Maharao Raja of Bundi
- Reign: 8 August 1927 – 23 April 1945
- Predecessor: Raghubir Singh
- Successor: Bahadur Singh
- Born: 8 March 1893
- Died: 23 April 1945 (aged 52)
- Issue: Bahadur Singh; Kesri Singh;
- House: Bundi
- Dynasty: Hada
- Father: Raghuraj Singh
- Mother: Suraj Kanwar

= Ishwari Singh =

Ruler of Bundi from 1927–1945

Sir Ishwari Singh GCIE (8 March 1893 – 23 April 1945) was the 27th ruler of the princely state of Bundi from 1927 until his death in 1945.

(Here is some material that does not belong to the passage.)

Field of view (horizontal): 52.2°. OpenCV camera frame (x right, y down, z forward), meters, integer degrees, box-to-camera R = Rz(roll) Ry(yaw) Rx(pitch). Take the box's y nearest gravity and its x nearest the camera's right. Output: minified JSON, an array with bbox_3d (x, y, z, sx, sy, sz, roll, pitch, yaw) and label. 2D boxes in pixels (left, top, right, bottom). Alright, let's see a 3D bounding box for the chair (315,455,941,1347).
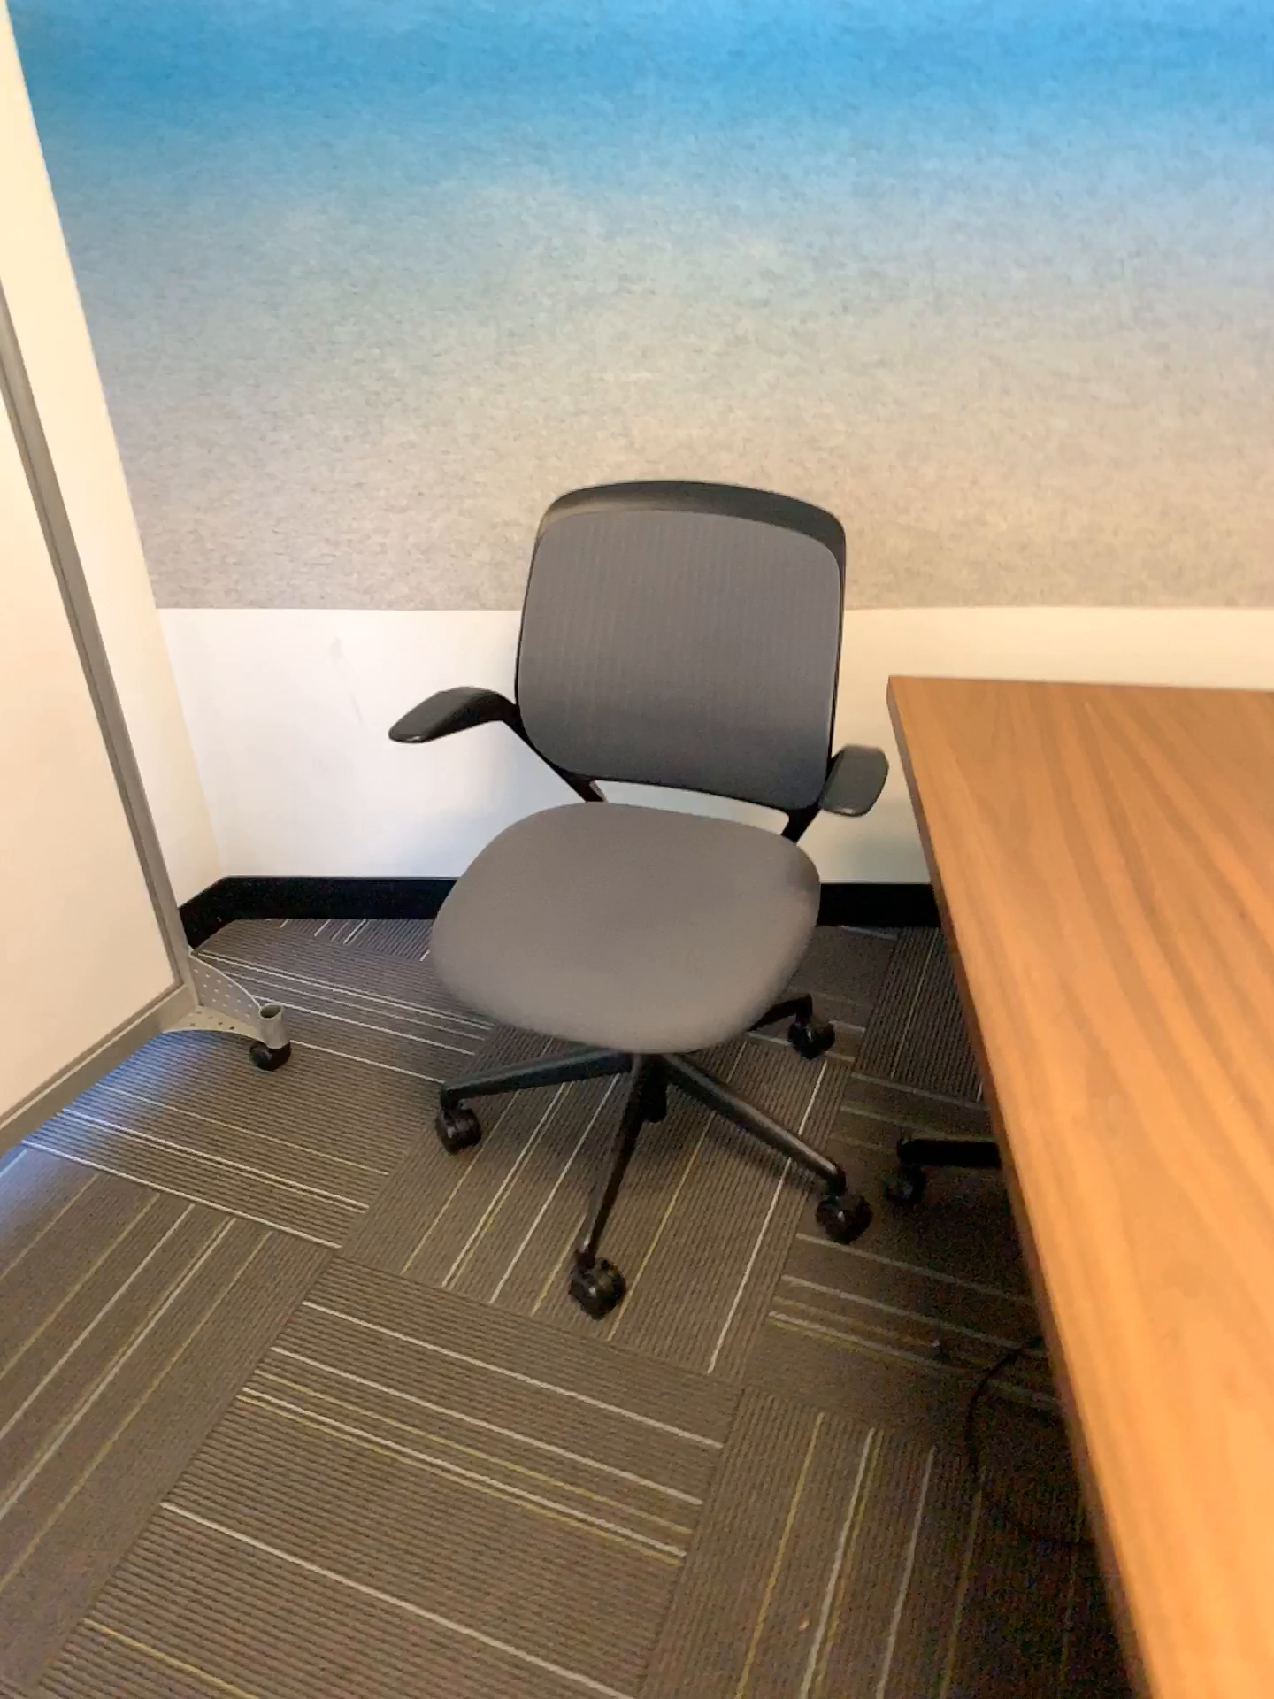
[{"bbox_3d":[0.016,0.048,1.709,0.541,0.935,0.532,13,34,20],"label":"chair"}]

== Early life, education, and family ==
Singh was born on 8 March 1893 to Raghuraj Singh and his wife Suraj Kanwar. His father was a son of Ram Singh of Bundi. His mother was a daughter of Zorawar Singh of Raoti and a granddaughter of Takht Singh II of Jodhpur. He was educated privately. He married two daughters of Lal Radha Keshwar Prasad Singh, the Thakur of Durjanpur, in Baghelkhand. Since he had no issue of his own, he adopted Bahadur Singh and Kesri Singh, the sons of Dhanurdhar Singh of Kapren.

== Reign ==
Upon the death of his uncle Raghubir Singh on 26 July 1927, the throne of Bundi became vacant. He ascended the vacant throne as the Maharao Raja on 8 August 1927. By doing which, he also became the head of the Hada clan of the Chauhan family of Rajputs. He was invested with full administrative powers on 26 September 1927. During his reign, many fine buildings and roads were built in the state.

==Death==
He died on 23 April 1945 and was succeeded by Bahadur Singh to his rank, title, and dignity.

== Titles, styles and honours ==

=== Titles and styles ===
Upon his accession to the throne, he was titled His Highness Hadendra Shiromani Deo Sar Buland Rai Maharajadhiraj Maharao Raja Ishwari Singh Bahadur, the Maharao Raja of Bundi.

=== Honours ===
He was appointed a Knight Grand Commander of the Order of the Indian Empire by George VI on 11 May 1937 to mark his coronation. Being the ruler of Bundi, he ranked fourth in the order of precedence amongst the rulers of Rajputana and was entitled to a salute of 17 guns.